Collection entries:

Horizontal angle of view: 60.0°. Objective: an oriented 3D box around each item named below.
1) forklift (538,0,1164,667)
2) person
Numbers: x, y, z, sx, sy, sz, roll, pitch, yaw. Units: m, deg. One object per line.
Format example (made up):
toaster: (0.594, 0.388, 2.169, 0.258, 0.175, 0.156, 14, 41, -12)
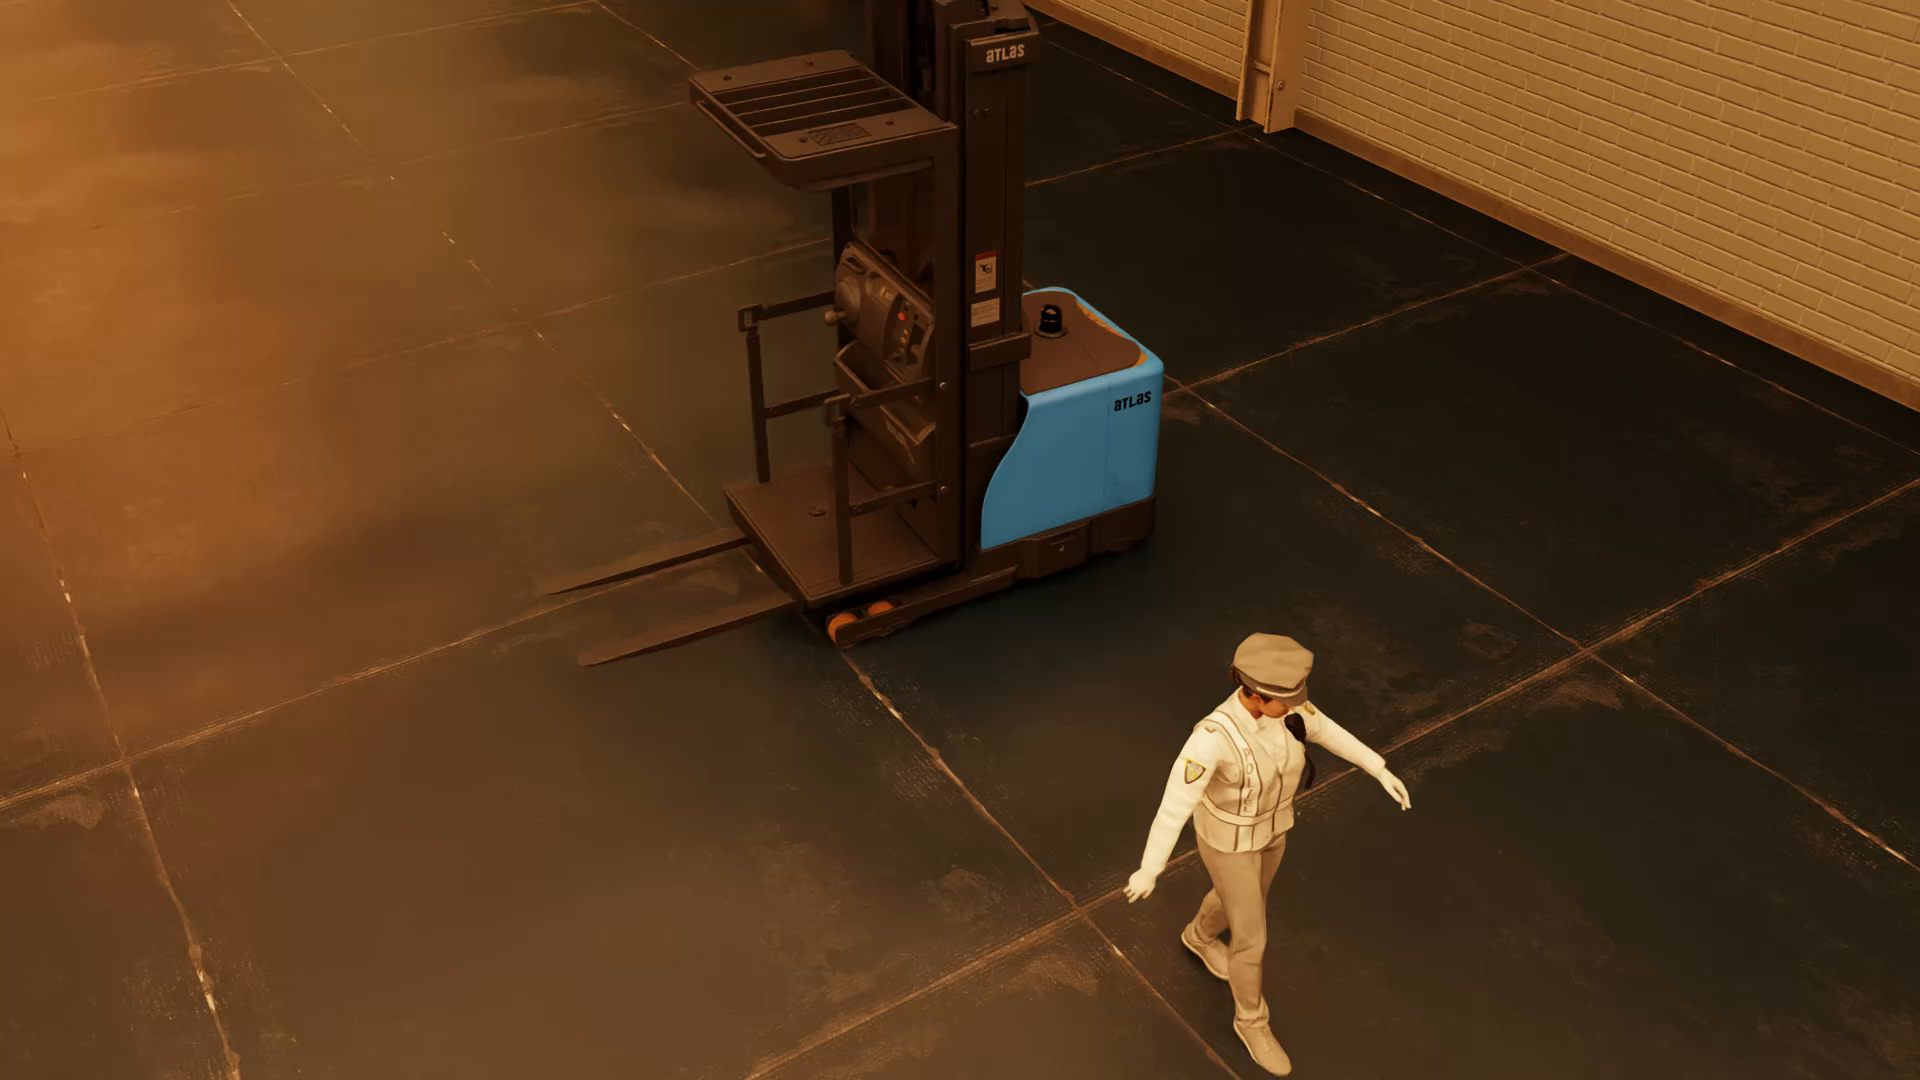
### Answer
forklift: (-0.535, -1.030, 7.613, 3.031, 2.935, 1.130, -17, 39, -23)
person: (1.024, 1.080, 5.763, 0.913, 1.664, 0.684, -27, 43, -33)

* * *

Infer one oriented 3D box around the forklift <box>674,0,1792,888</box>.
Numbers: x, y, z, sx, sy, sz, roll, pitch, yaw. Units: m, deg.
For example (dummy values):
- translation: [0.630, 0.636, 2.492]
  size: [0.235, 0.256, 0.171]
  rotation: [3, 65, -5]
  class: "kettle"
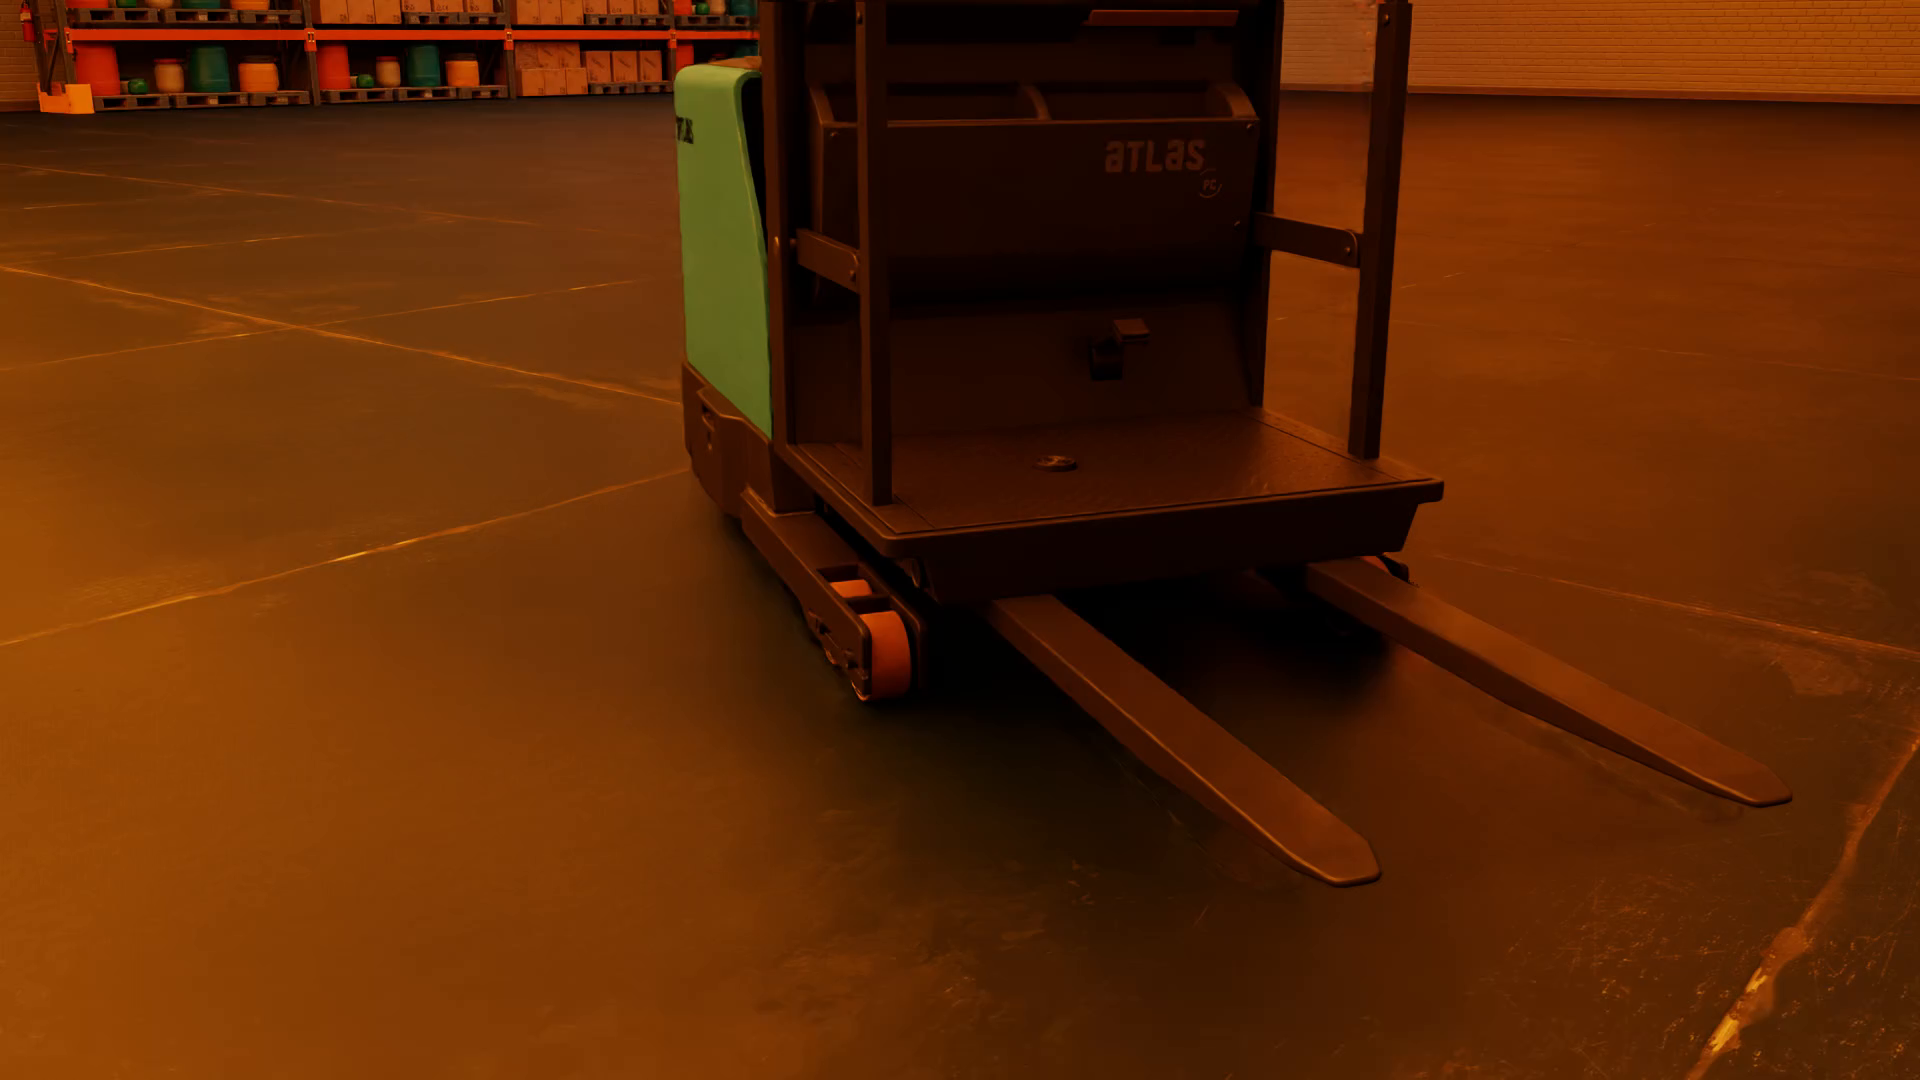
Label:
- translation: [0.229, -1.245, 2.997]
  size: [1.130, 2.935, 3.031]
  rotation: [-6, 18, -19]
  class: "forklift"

*TRY IT*
All lines above that include the word "pitch" should be located and copied.

*FINISHED EXERCISE*
Numbers: x, y, z, sx, sy, sz, roll, pitch, yaw. Units: m, deg. One object per line.
Numbers: x, y, z, sx, sy, sz, roll, pitch, yaw. Units: m, deg.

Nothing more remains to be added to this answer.